It started out as a simple question: is a $75,000 liquidator’s fee for the $117,000 sale of a small shop appropriate? Thus I enter the disreputable world of business deaths and promises not met. One online search leads to another and I start to question whether my combing of court liquidation records is proving informative or simply entertaining (a type of schadenfreude). Then the suggestion is made that the business failure in question would not have happened had the shop been within a franchise – few franchisees fail, so it was claimed. Meanwhile the Franchise Association of New Zealand – the obvious next search target – is reporting “… around 4 out of 5 independent businesses cease trading within five years from their launch”. My quest now turns from one of checking the efficient use of time to a search into the efficiency of statistics – do the numbers being quoted reduce the data to information representative of the population of small businesses, be they franchises or independents?
- It turns out that in the US and UK more than half the franchise systems disappeared within 10 years of starting during the 1980s (Stanworth (1998) and also Shane)
- The same study reports US franchisee closure rates of around 4% p.a., rising to 9% if franchisee sales are also included, and something similar in the UK
- A quick glance through the failure list of franchisee loans guaranteed by the US Small Business Administration (NB presumably a biased sample given they were seeking a SBA guarantee in the first place) shows some very large failures.

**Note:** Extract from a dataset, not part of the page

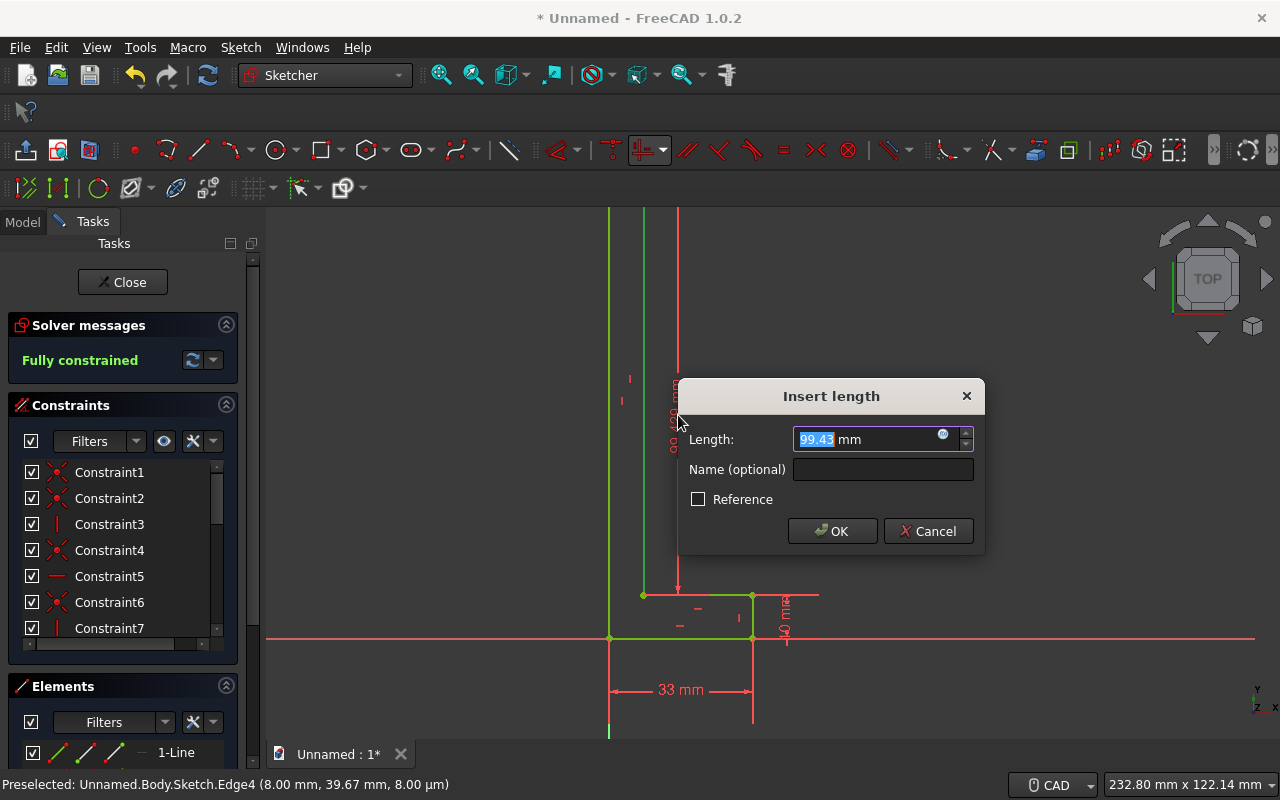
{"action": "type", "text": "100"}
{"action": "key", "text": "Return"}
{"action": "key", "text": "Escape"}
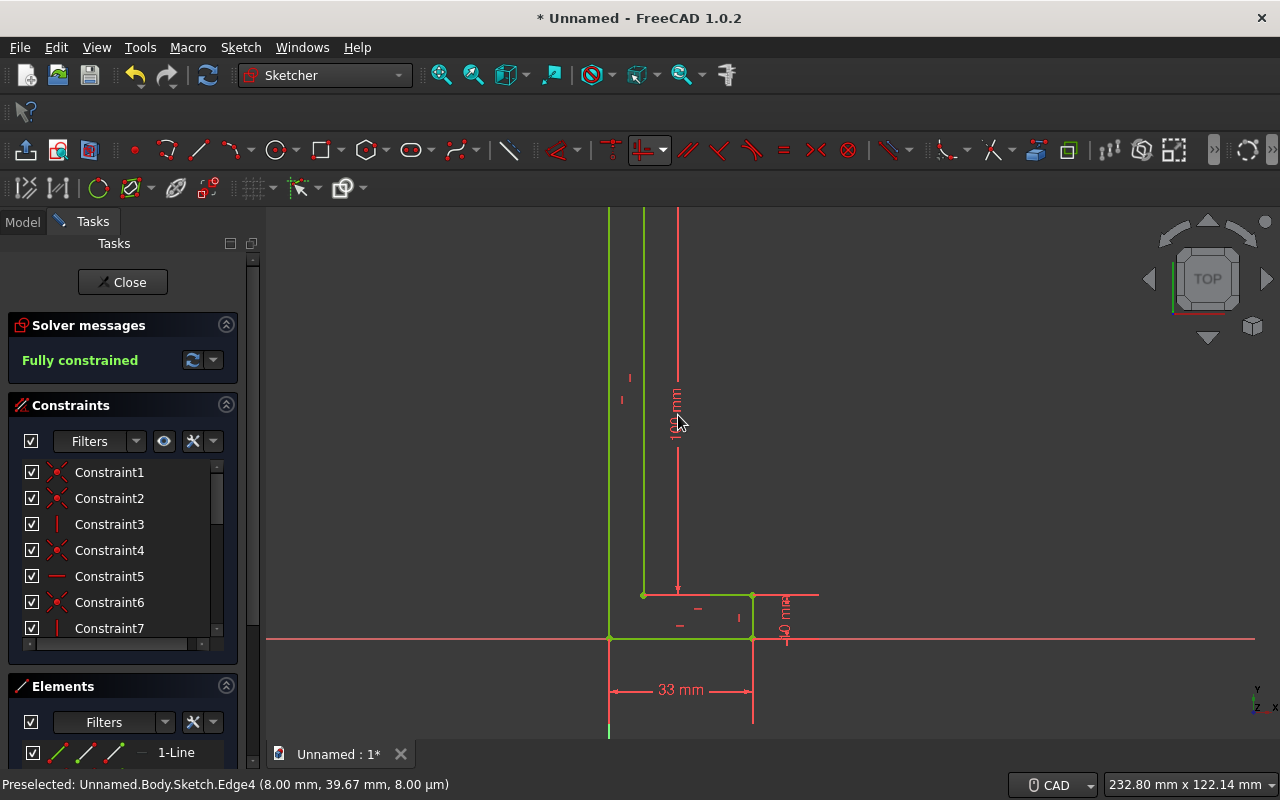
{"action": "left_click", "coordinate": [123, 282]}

The picture emerging from these and other studies is that franchise systems can offer some real advantages – the obvious buying power and brand that comes with size, plus the financial management discipline that small businesses often lack – but it comes at a price and is no assurance that business will succeed. Some franchisors and some franchisees do fail but this proportion varies by sector, by age of the business and according to the business cycle. As for independents …
- Of the small NZ business started in 2003, there were 47% of businesses with 1-5 employees still in existence by 2010 and over half still in existence amongst the 6-19 employee firms i.e. discontinuance of around 8-11% p.a. (Statistics NZ)
- A look within some NZ shopping malls in the 1990s showed the rate of shops ‘closing to prevent further losses’ averaging 4% p.a., similar to an earlier study in Australia (Cox and Vos (2005))
These statistics are hardly definitive, but that’s the point. Small businesses vary a lot, be they franchises or not. There is a high churn – many closures but even more start-ups, and plenty of business sales – and a variable proportion ‘failing’; creative destruction at work, we trust. And here’s the rub: the business in question failed largely because of a death and a preference to seek an opportunity elsewhere. In other words, it was personal. Small business is personal, and we do things for reasons other than wealth maximization. So, no, a franchise was unlikely to have prevented this one failure but my colleague was on the right track: the signaling advantage of a franchise system would probably have prevented having to pay the exorbitant liquidation fee when it came to selling up.